Editorial Note: Although every effort has been made to insure the accuracy of the material in this presentation, the scope of the material covered and the discussions undertaken lends itself to the possibility of minor transcription misinterpretations.

PRESENTATION BY
Michael J. Henry
Director of Personnel, Department of Human Resources (DHR), Los Angeles County

Topic: Personnel Management in Los Angeles County

January 6, 2005


Chairman Philibosian introduced Michael J. Henry and welcomed him to the Commission.

Board Direction

Mr. Henry introduced his staff: Ms. Lu Takeuchi, Organizational Development Manager responsible for all the training within the county including the Los Angeles County Training Academy, and Mr. Darin Chiu, a staff member involved with organizational development. He then addressed the concern of the Commission - succession planning which is a problem that is not unique to Los Angeles County. Succession planning is a process to prepare employees for promotion to increasingly responsible positions within the county when these positions become available.

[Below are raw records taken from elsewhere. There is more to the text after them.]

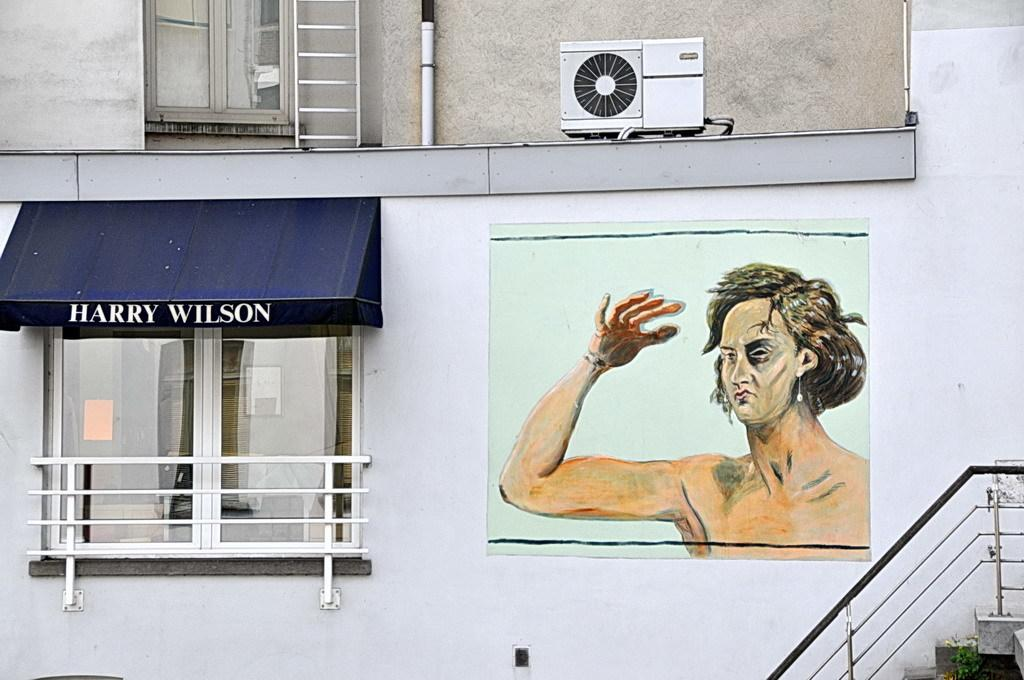<image>
Give a short and clear explanation of the subsequent image. A blue awning with the words Harry Wilson looks over a small balcony. 
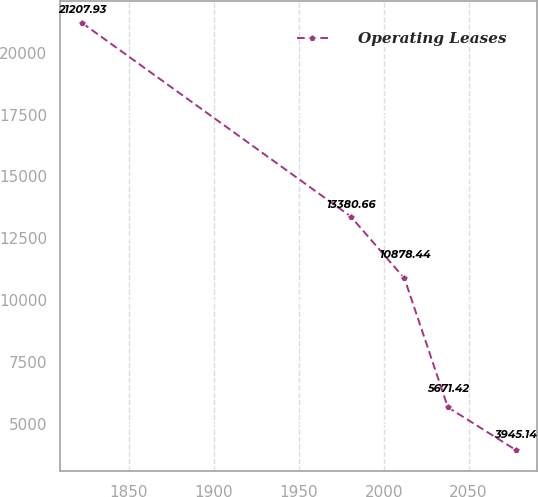Convert chart to OTSL. <chart><loc_0><loc_0><loc_500><loc_500><line_chart><ecel><fcel>Operating Leases<nl><fcel>1822.28<fcel>21207.9<nl><fcel>1980.6<fcel>13380.7<nl><fcel>2012.25<fcel>10878.4<nl><fcel>2037.81<fcel>5671.42<nl><fcel>2077.83<fcel>3945.14<nl></chart> 
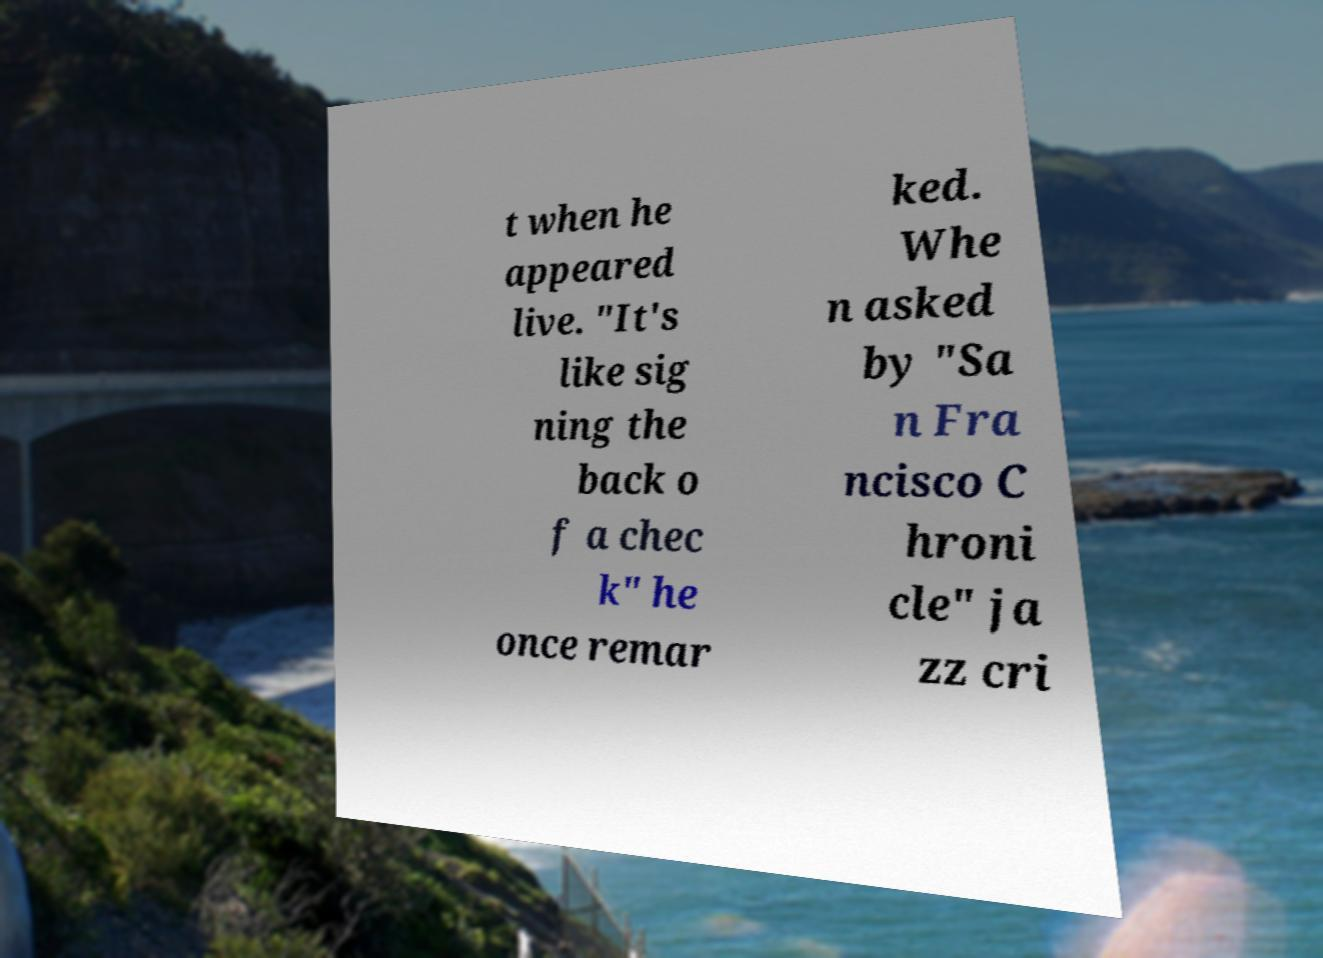Could you assist in decoding the text presented in this image and type it out clearly? t when he appeared live. "It's like sig ning the back o f a chec k" he once remar ked. Whe n asked by "Sa n Fra ncisco C hroni cle" ja zz cri

On October 12, Supervisor Knabe introduced a motion that was unanimously approved which expressed a concern over the large number of department head vacancies (7 or approximately 20% of county departments). The adopted motion directed DHR and the E&E Commission to review the current county programs that exist which develop and mentor managers into leadership positions and to report back within 90 days.

Human Resources in Los Angeles County

Mr. Henry noted that during his 29 year career with Los Angeles County, human resources (HR) has been all over the map. It began as a very strong centralized personnel department that was transactional in nature. During the 1980’s it became increasingly decentralized. The HR responsibility was given directly to departments to manage on their own with the Chief Administrative Officer (CAO) keeping a very small HR policy. In the early 1990’s the Board of Supervisors realized that it was difficult trying to manage HR information for 90,000 employees in 37 different departments and thus, created the Department of Human Resources.

The Los Angeles County Training Academy

In 1998, DHR developed a plan to address management and executive development needs. The cornerstone of that program was the Los Angeles County Training Academy. The Academy is a partnership of the Los Angeles County with the State Universities, Community Colleges, and LA Unified School District. These educational institutions provide the county with the training and education for the County employees in a customized manner to fit the specific needs of Los Angeles County. The Academy encompasses a wide range of training levels from clerical to department heads.

Succession Planning

In February, 2000, the Division Chief Program was launched. This is a customized certificate training program that targets employees that are one level below Division Chief to prepare to assume greater responsibilities. This program had been created as a result of a December, 1999 assessment that showed 30% of senior management retiring within the next 5 years. The results of that assessment seems to be consistent with the results of a more recent data from in May, 2004 which showed 28% of senior management retiring within the next 5 years. Since a large percentage of this retirement was at the Division Chief level the program was developed to enable employees to compete for these positions. The Academy currently has 14 certificate programs that are recognized by the California State University system and therefore employees receive Continuing Education Units (CEU’s) for each course, as well as professional development certificates.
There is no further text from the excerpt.